If a diaphragmatic hernia does not cause reflux but leads to other problems such as vomiting, difficulty swallowing or pain in the chest area, etcetera, the decision may be taken to repair the hiatus hernia through laparoscopy and to narrow the opening in the diaphragm, without performing anti-reflux surgery.
Studies have demonstrated that the majority of patients remains symptom free 10 to 20 years after the procedure, but the symptoms may always recur.
What are the complications of a hiatus hernia repair?

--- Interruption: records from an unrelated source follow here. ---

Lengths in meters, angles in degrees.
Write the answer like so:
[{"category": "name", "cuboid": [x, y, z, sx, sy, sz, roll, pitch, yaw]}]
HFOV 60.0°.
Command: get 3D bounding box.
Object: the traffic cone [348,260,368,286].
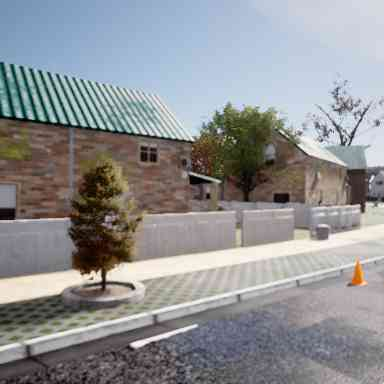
[{"category": "traffic cone", "cuboid": [4.179, 2.000, 8.366, 0.340, 0.580, 0.340, 0, 0, -36]}]
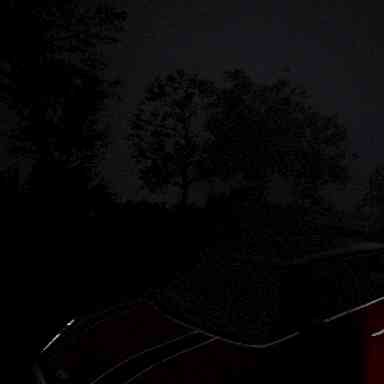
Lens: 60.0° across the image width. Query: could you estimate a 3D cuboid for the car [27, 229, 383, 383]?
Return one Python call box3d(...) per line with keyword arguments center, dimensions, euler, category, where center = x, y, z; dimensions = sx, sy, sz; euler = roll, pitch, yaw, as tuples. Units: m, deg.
box3d(center=(0.726, 1.369, 3.603), dimensions=(4.553, 1.767, 2.097), euler=(0, 0, -36), category="car")
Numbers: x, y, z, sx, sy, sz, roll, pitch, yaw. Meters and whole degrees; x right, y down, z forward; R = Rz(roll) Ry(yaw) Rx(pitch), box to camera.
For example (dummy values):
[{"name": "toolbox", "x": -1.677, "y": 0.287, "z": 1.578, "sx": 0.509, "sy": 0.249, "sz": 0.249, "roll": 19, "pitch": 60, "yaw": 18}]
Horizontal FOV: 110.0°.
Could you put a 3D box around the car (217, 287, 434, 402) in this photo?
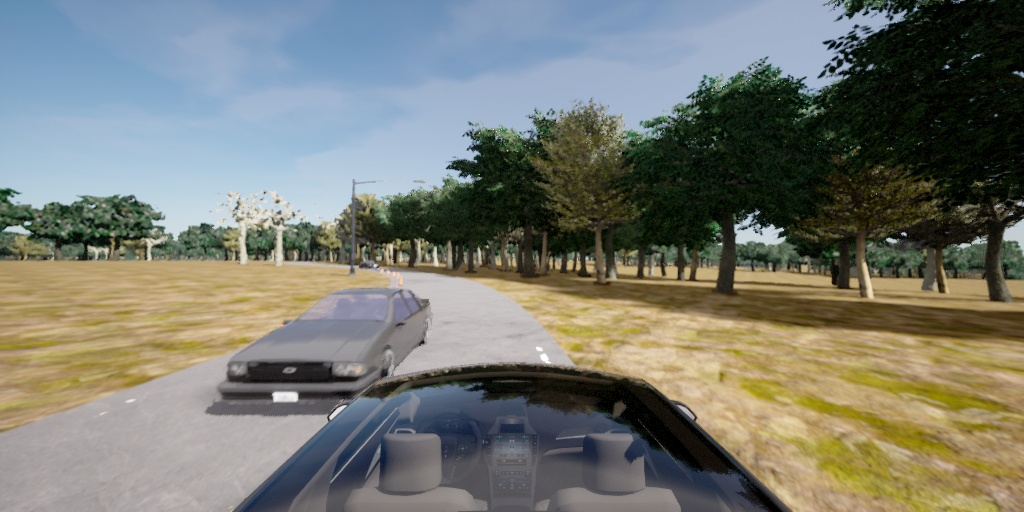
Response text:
[{"name": "car", "x": -2.811, "y": 1.340, "z": 6.983, "sx": 2.033, "sy": 1.411, "sz": 5.357, "roll": 1, "pitch": -1, "yaw": -2}]

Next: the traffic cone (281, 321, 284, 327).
[{"name": "traffic cone", "x": -5.091, "y": 1.740, "z": 7.959, "sx": 0.340, "sy": 0.580, "sz": 0.340, "roll": 0, "pitch": 0, "yaw": -4}]

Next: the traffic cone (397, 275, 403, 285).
[{"name": "traffic cone", "x": -8.385, "y": 1.916, "z": 27.079, "sx": 0.340, "sy": 0.580, "sz": 0.340, "roll": 0, "pitch": 0, "yaw": -16}]

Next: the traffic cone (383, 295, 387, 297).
[{"name": "traffic cone", "x": -6.240, "y": 1.835, "z": 17.605, "sx": 0.340, "sy": 0.580, "sz": 0.340, "roll": 0, "pitch": 0, "yaw": -10}]

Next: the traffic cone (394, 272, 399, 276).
[{"name": "traffic cone", "x": -11.504, "y": 1.965, "z": 36.279, "sx": 0.340, "sy": 0.580, "sz": 0.340, "roll": 0, "pitch": 0, "yaw": -22}]

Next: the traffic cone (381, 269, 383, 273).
[{"name": "traffic cone", "x": -17.931, "y": 1.976, "z": 49.348, "sx": 0.340, "sy": 0.580, "sz": 0.340, "roll": 0, "pitch": 0, "yaw": -31}]

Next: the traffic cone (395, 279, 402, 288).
[{"name": "traffic cone", "x": -7.189, "y": 1.879, "z": 22.370, "sx": 0.340, "sy": 0.580, "sz": 0.340, "roll": 0, "pitch": 0, "yaw": -13}]

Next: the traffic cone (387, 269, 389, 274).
[{"name": "traffic cone", "x": -15.563, "y": 1.981, "z": 45.105, "sx": 0.340, "sy": 0.580, "sz": 0.340, "roll": 0, "pitch": 0, "yaw": -28}]

As with any operation, a number of general complications can occur such as bleeding, wound infection, thrombosis or lung infection, etcetera. Shoulder-tip pain is a typically occurring complaint after a laparoscopy and will disappear by itself in a few days. This is caused by the gas that is used in the procedure and leads to irritation of the diaphragm, which is registered by the nervous system at the tip of the shoulders.
During the operation, bleeding of the spleen (or liver) is the most important, but fortunately uncommon, complication. Detaching the stomach which has moved up in the chest may also lead to a pneumothorax (collapsed lung) because of a perforated lung, which causes air to leak into the chest leading to a partial collapse of the lung. This sometimes requires placement of a drain.
During the procedure, nerves that run along the oesophagus and stomach may be damaged too, resulting in (usually temporary) diarrhoea and gastrointestinal problems. Detaching the stomach from the spleen or from the chest wall may lead to a stomach perforation, causing stomach juices to run into the abdominal cavity.
Finally, in certain cases a laparoscopy cannot provide a good view of the stomach requiring conversion to a classic incision.
A contrast swallow is performed on the first post-operative day. This requires patients to drink a contrast fluid to confirm smooth passage from the oesophagus to the stomach, which is where the cuff has been fashioned. This also allows for ruling out any leaks (due to detachment of the stomach). If the contrast swallow results are reassuring, the patient may start on fluids and liquid, mixed foods.
While you are in hospital, a dietitian is consulted to explain your dietary advice for when you are home, and he or she will provide you with a diet plan. If fluids and liquid food are consumed without any problem, the IV line can be removed on the second post-operative day and the patient may potentially be discharged.
During the first three weeks after a Nissen fundoplication, only liquid, mixed foods may be consumed. Certain foodstuffs are best avoided in this period (such as cabbage, pulses, greasy food, spicy food, etcetera.) Since burping is difficult in the first weeks after the procedure, fizzy drinks must be absolutely avoided. After the procedure, anti-reflux medication is generally no longer necessary. Sutures may be removed by the GP on the tenth day after the procedure. Until then, make sure to protect the wound from contact with water. Bandages may be changed when they are soiled or loosened.
How much does a hiatus hernia repair cost?
The Maria Middelares Hernia Centre in Ghent charges the official RIZIV prices. The invoice will be sent to you by post after a period of approximately three months. In addition to the surgeon's and anaesthesiologist's fee, this will display the general charges for hospital admission and the use of materials such as the mesh.
As is the case in almost any hospital, there is an additional charge for the use of a single room. At the Maria Middelares General Hospital in Ghent, this additional charge is a maximum of 150% of the official price. No additional charges are added to the fee if a multiple-occupancy room is chosen.